**AIM OF THE EXERCISE**. Your copy should match the entries exactly, except that it holds no pictures.

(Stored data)
====================
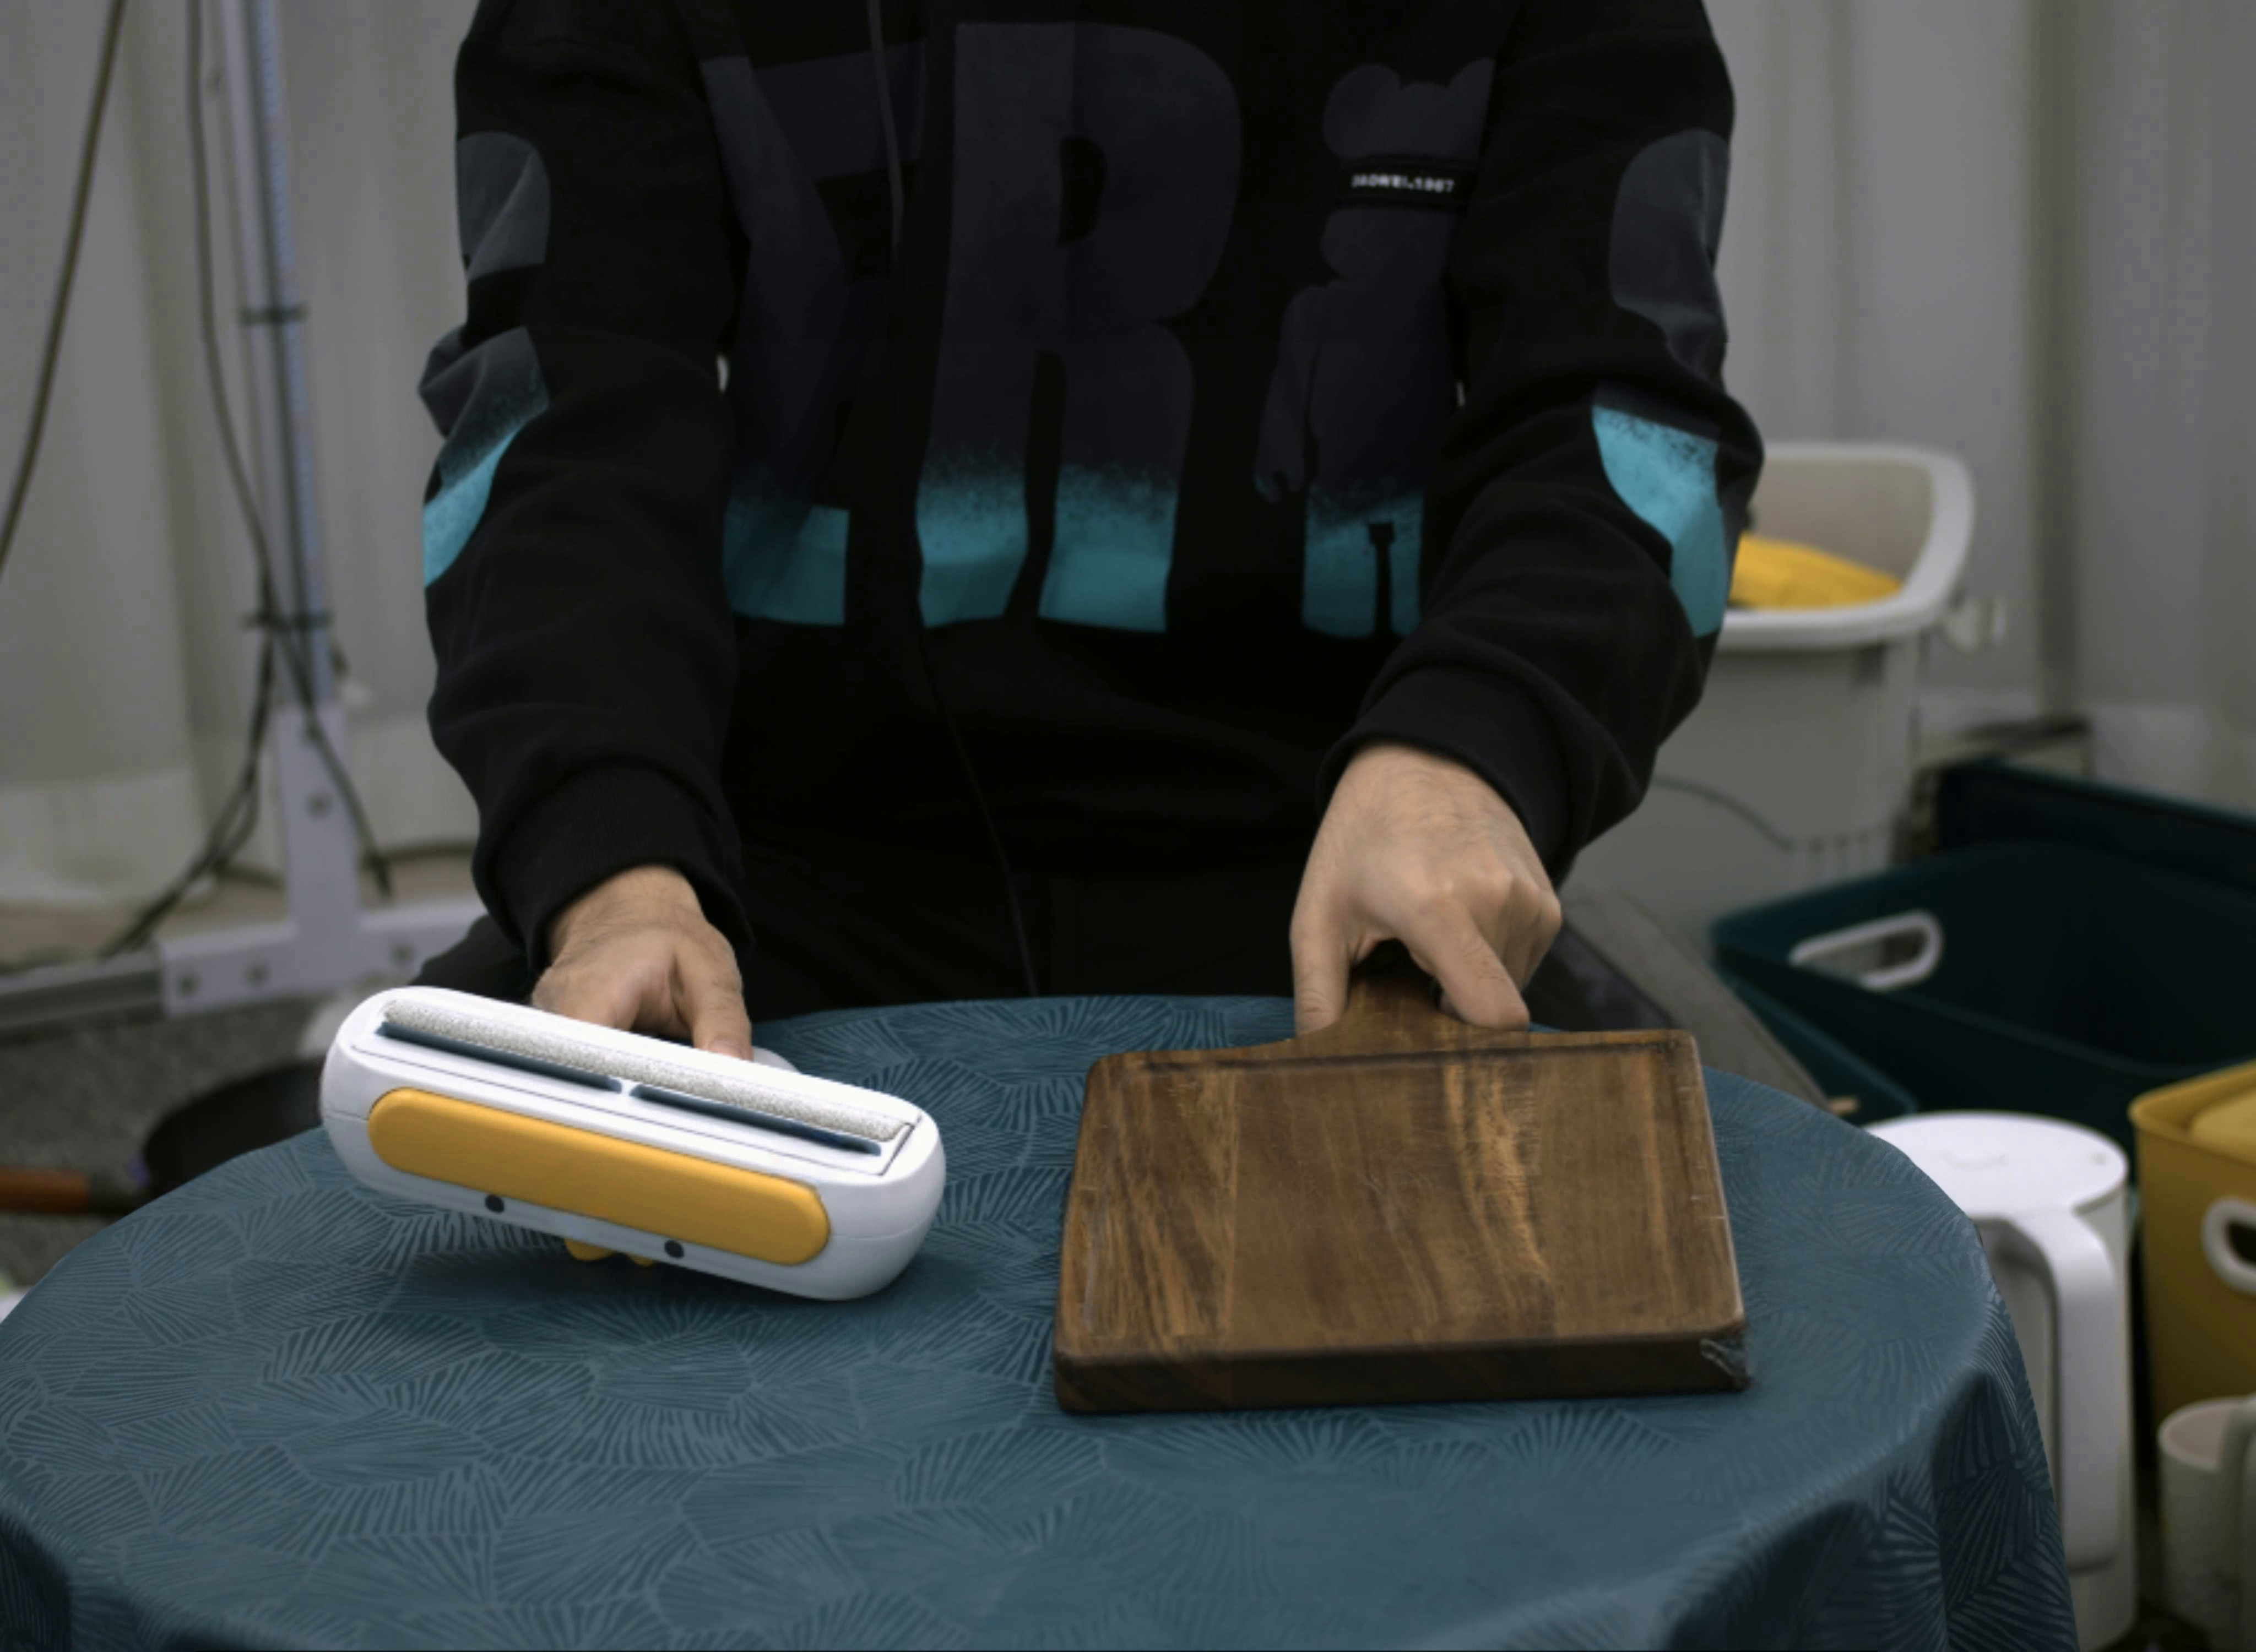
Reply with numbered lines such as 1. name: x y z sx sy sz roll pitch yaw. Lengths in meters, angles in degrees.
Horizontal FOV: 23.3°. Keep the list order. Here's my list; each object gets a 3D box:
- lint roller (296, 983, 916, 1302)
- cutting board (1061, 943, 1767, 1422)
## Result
====================
**PROBLEM SOLUTION**.
Reply with numbered lines such as 1. name: x y z sx sy sz roll pitch yaw. Lengths in meters, angles in degrees.
Horizontal FOV: 23.3°. Keep the list order. Here's my list; each object gets a 3D box:
- lint roller (296, 983, 916, 1302)
- cutting board (1061, 943, 1767, 1422)
## Result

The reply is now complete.